VerbOWL
Verbalisation of Afrikaans OWL 2 DL Ontologies

Overview


Overview img
Figure 1: High level overview of project.


Background


As the usage of ontologies increases, the act of verbalising them has more and more value. An Ontology cannot be verbalised fluently as is without adding the linguistic knowledge relating to the specific language. This means that functionality to add this linguistic knowledge needs to either be included in future OWL releases or that the information needs to be provided externally and combined with an OWL file during the verbalisation process, this happens with the lemon model.

Controlled natural languages have been created for a similar purpose; they aim to make verbalisation more robust. A Controlled Natural Language is a language which is unambiguous and well defined; this is in contrast to natural language which is arguable neither.

Research has been done on verbalising Controlled Natural Languages since the mid-1990s, it is however even more pressing since the adoption of OWL as a standard and the development of the semantic web. It is still being explored as researchers attempt to map OWL ontologies to controlled English. An example of this is Attempto Controlled English (ACE) which has a well-defined syntax in order to curb ambiguity.

Ontologies are generally created by logicians and domain experts working together. The domain experts are the ones with the knowledge which needs to be expressed, and the logicians are those who can express this knowledge correctly in an ontology. Due to the fact that domain experts are very seldom logicians, this process is hugely collaborative. The problem with collaborating in this manner is that knowledge is often lost during the collaboration process. In order to make sure that the final ontology is created in a manner which makes sense, the domain expert needs to be able to check and reason through the axioms which are created.

Most work on ontologies is done in English, and while various efforts have been made to include other languages, the other languages which are represented are mainly Indo-European. This is merely a side effect of the fact that most of the work being done in ontology engineering is in Europe and North America; however, there has been some work locally. Keet & Kumalo have put together some initial steps for a template which verbalises in isiZulu. The lack of support for African languages is troubling and is a hugely untapped area for research.

Ontologies are expressed in a manner which is hard for non-logicians to understand. Tools exist, such as Protégé – A tool which helps with the creation of ontologies – however the representation created is still only in Manchester Syntax at best. Manchester Syntax was created to be less like Description Logic, however it is still significantly less understandable than normal language. An example of Manchester syntax is given below:

Class: VegetarianPizza
EquivalentTo: Pizza
    and not (hasTopping some FishTopping)
    and not (hasTopping some MeatTopping)

This expresses the fact that a vegetarian pizza has no meat or fish toppings in a semi confusing manner. Controlled natural languages are used as a common solution to this problem and are often closely tied to ontology verbalisation.

In order to improve the collaboration between domain experts and logicians, this project aims to create and compare two approaches to ontology verbalisation in Afrikaans.
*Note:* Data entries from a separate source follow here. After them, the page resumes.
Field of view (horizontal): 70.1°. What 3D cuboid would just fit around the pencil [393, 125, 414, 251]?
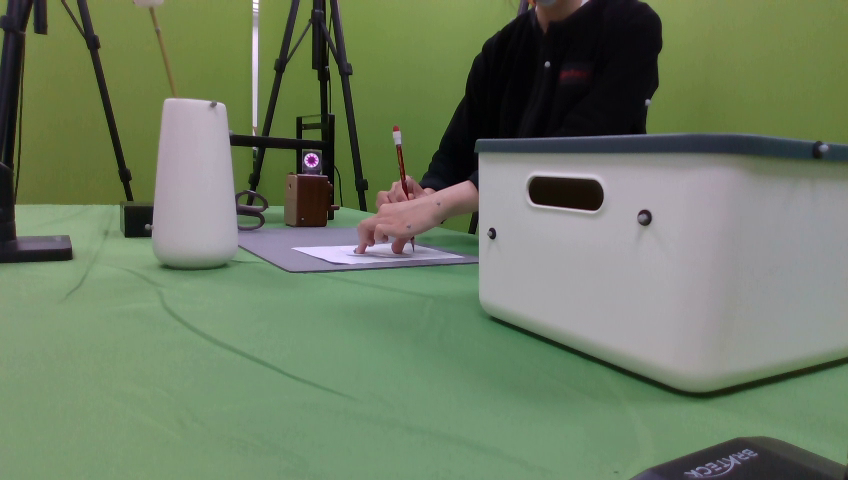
[{"bbox_3d":[-0.029,-0.078,0.919,0.012,0.194,0.012,-8,1,0],"label":"pencil"}]

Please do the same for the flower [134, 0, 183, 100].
[{"bbox_3d":[-0.282,-0.147,0.713,0.038,0.362,0.044,-23,24,-31],"label":"flower"}]

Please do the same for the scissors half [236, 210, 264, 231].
[{"bbox_3d":[-0.369,-0.051,1.065,0.176,0.040,0.012,19,13,-27],"label":"scissors half"}]

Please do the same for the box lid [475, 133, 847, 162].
[{"bbox_3d":[0.256,-0.073,0.528,0.373,0.015,0.262,-2,8,-31],"label":"box lid"}]

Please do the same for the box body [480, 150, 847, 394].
[{"bbox_3d":[0.254,0.002,0.539,0.366,0.160,0.253,-2,8,-31],"label":"box body"}]

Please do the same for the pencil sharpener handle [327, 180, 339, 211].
[{"bbox_3d":[-0.194,-0.095,1.256,0.031,0.067,0.036,-2,-6,-36],"label":"pencil sharpener handle"}]

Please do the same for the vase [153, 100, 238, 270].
[{"bbox_3d":[-0.278,-0.066,0.736,0.098,0.200,0.098,2,9,0],"label":"vase"}]

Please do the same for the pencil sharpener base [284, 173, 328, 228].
[{"bbox_3d":[-0.239,-0.081,1.231,0.077,0.107,0.061,-2,8,-36],"label":"pencil sharpener base"}]

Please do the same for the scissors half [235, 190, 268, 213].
[{"bbox_3d":[-0.363,-0.070,1.060,0.176,0.040,0.013,0,16,-23],"label":"scissors half"}]
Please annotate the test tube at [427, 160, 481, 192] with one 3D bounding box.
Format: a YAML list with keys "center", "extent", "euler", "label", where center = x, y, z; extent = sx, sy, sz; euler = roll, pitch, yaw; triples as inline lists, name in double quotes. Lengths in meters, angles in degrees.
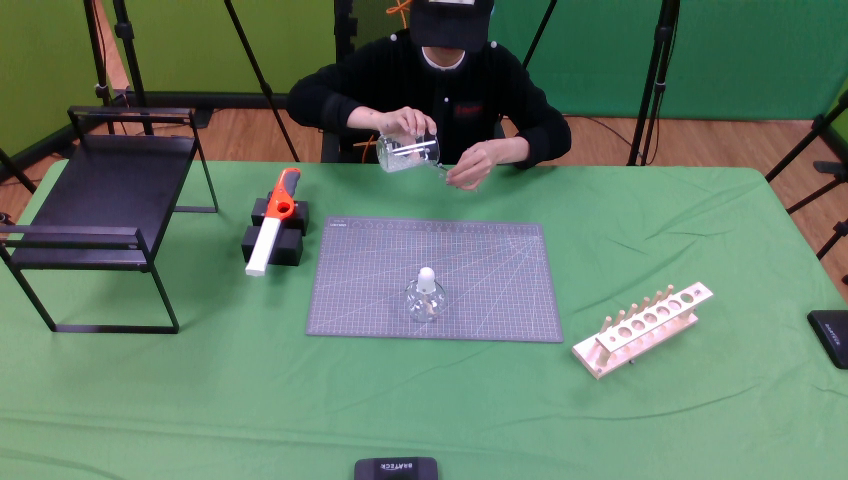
- center: [0.062, -0.124, 1.199]
  extent: [0.151, 0.017, 0.017]
  euler: [22, 31, -41]
  label: "test tube"

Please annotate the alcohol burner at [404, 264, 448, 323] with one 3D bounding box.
- center: [0.003, 0.087, 1.042]
  extent: [0.078, 0.120, 0.077]
  euler: [1, 45, 0]
  label: "alcohol burner"

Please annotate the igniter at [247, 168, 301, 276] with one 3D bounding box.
- center: [-0.282, -0.043, 1.149]
  extent: [0.057, 0.025, 0.275]
  euler: [8, 48, -1]
  label: "igniter"

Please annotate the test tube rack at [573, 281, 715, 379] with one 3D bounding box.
- center: [0.378, 0.140, 1.038]
  extent: [0.242, 0.085, 0.066]
  euler: [-22, 51, -23]
  label: "test tube rack"

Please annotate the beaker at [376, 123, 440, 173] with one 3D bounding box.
- center: [-0.031, -0.164, 1.111]
  extent: [0.100, 0.084, 0.073]
  euler: [-15, 40, -18]
  label: "beaker"

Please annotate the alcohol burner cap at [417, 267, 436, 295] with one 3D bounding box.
- center: [0.004, 0.066, 1.019]
  extent: [0.034, 0.048, 0.033]
  euler: [0, 47, 1]
  label: "alcohol burner cap"
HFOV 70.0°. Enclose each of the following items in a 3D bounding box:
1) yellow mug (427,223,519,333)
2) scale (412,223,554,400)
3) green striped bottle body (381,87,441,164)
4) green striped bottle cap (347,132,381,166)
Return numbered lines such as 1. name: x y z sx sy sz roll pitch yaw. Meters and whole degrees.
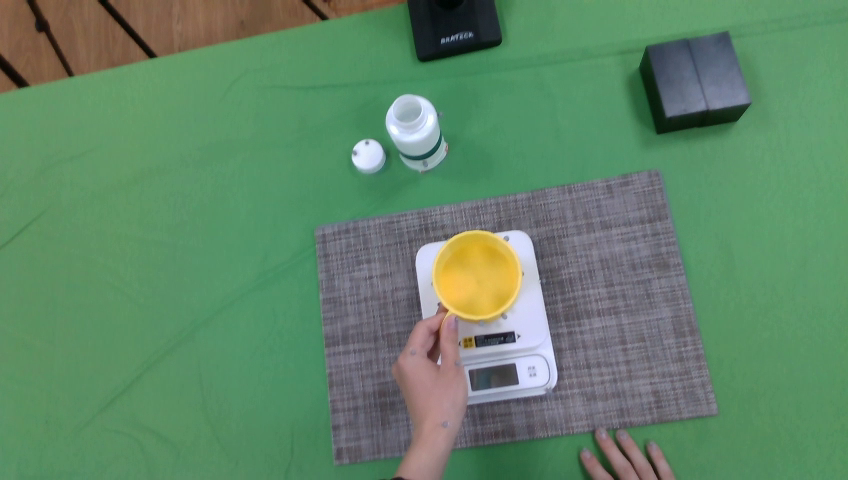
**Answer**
1. yellow mug: 0.048 0.049 0.686 0.099 0.064 0.130 31 85 10
2. scale: 0.069 0.084 0.733 0.148 0.032 0.200 -10 76 6
3. green striped bottle body: -0.016 -0.145 0.756 0.063 0.120 0.063 -2 75 8
4. green striped bottle cap: -0.080 -0.123 0.815 0.044 0.020 0.044 -1 82 6
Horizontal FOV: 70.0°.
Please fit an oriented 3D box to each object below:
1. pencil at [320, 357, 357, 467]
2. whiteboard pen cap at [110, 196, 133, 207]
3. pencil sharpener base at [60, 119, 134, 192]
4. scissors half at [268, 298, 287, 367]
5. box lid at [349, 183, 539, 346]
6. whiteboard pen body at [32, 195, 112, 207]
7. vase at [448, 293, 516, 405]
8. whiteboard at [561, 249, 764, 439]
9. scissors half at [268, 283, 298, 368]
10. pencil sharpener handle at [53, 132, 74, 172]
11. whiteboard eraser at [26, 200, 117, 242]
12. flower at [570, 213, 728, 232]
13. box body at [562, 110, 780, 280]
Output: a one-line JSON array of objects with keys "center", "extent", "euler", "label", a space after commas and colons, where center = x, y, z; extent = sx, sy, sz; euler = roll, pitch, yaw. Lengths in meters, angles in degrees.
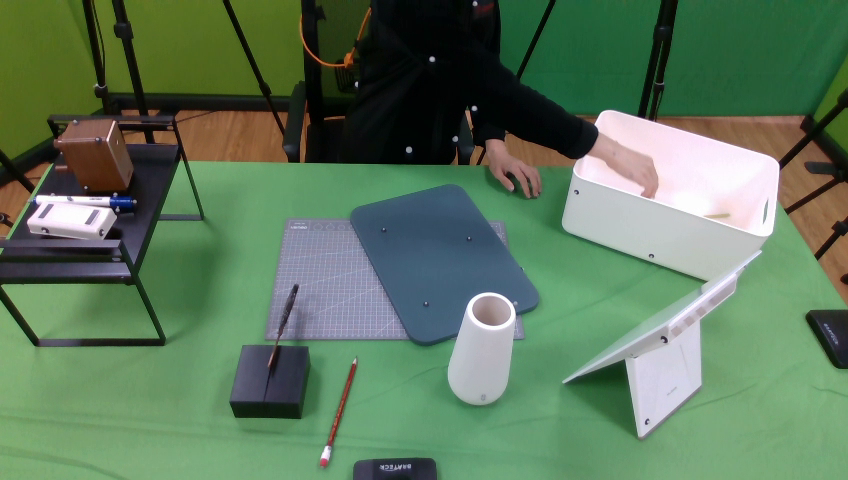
[{"center": [-0.130, 0.261, 0.947], "extent": [0.012, 0.012, 0.193], "euler": [10, 45, 5], "label": "pencil"}, {"center": [-0.485, -0.061, 0.972], "extent": [0.033, 0.018, 0.018], "euler": [0, 46, -9], "label": "whiteboard pen cap"}, {"center": [-0.528, -0.135, 0.979], "extent": [0.077, 0.107, 0.061], "euler": [-4, 47, -7], "label": "pencil sharpener base"}, {"center": [-0.239, 0.150, 0.997], "extent": [0.013, 0.040, 0.174], "euler": [24, 24, -14], "label": "scissors half"}, {"center": [0.030, 0.031, 1.176], "extent": [0.263, 0.015, 0.369], "euler": [-16, 49, -19], "label": "box lid"}, {"center": [-0.543, -0.061, 0.961], "extent": [0.141, 0.017, 0.017], "euler": [1, 46, -10], "label": "whiteboard pen body"}, {"center": [0.091, 0.169, 0.921], "extent": [0.098, 0.201, 0.097], "euler": [3, 47, -3], "label": "vase"}, {"center": [0.386, 0.176, 0.905], "extent": [0.217, 0.306, 0.143], "euler": [-26, 72, -26], "label": "whiteboard"}, {"center": [-0.230, 0.135, 0.986], "extent": [0.013, 0.040, 0.174], "euler": [19, 43, -11], "label": "scissors half"}, {"center": [-0.578, -0.138, 0.961], "extent": [0.031, 0.068, 0.036], "euler": [-4, 34, -7], "label": "pencil sharpener handle"}, {"center": [-0.532, -0.026, 0.919], "extent": [0.113, 0.042, 0.055], "euler": [7, 45, 3], "label": "whiteboard eraser"}, {"center": [0.479, -0.041, 1.269], "extent": [0.362, 0.038, 0.044], "euler": [-3, 17, -13], "label": "flower"}, {"center": [0.486, -0.088, 1.222], "extent": [0.363, 0.161, 0.253], "euler": [20, 48, 15], "label": "box body"}]

The two approaches are the grammar based approach (discussed in this paper) and the template based approach (discussed in Lauren Sanby’s paper). The scope of each project is to read in an Afrikaans OWL 2 DL ontology and verbalise it into understandable Afrikaans sentences using either of the two approaches.

These two approaches will then be compared based on a variety of criteria such as axiom coverage, comprehensibility and time taken, the results of this are split up into Grammar based and template based.

The grammar based approach uses the OWL API (An API for interacting with ontologies, in Java) for extracting axioms and Grammatical Framework (GF) for verbalising the axioms with a pre-processing layer in-between. While the template based approach uses a template to provide the verbalisation on an axiom by axiom basis.

This project is important because it aims to increase the quality of ontologies produced by making checking of the logical representation easier. It is also the first attempt to do this verbalisation in Afrikaans. Due to the fact that most work in ontologies is done in English, speakers of other languages can be left out/excluded.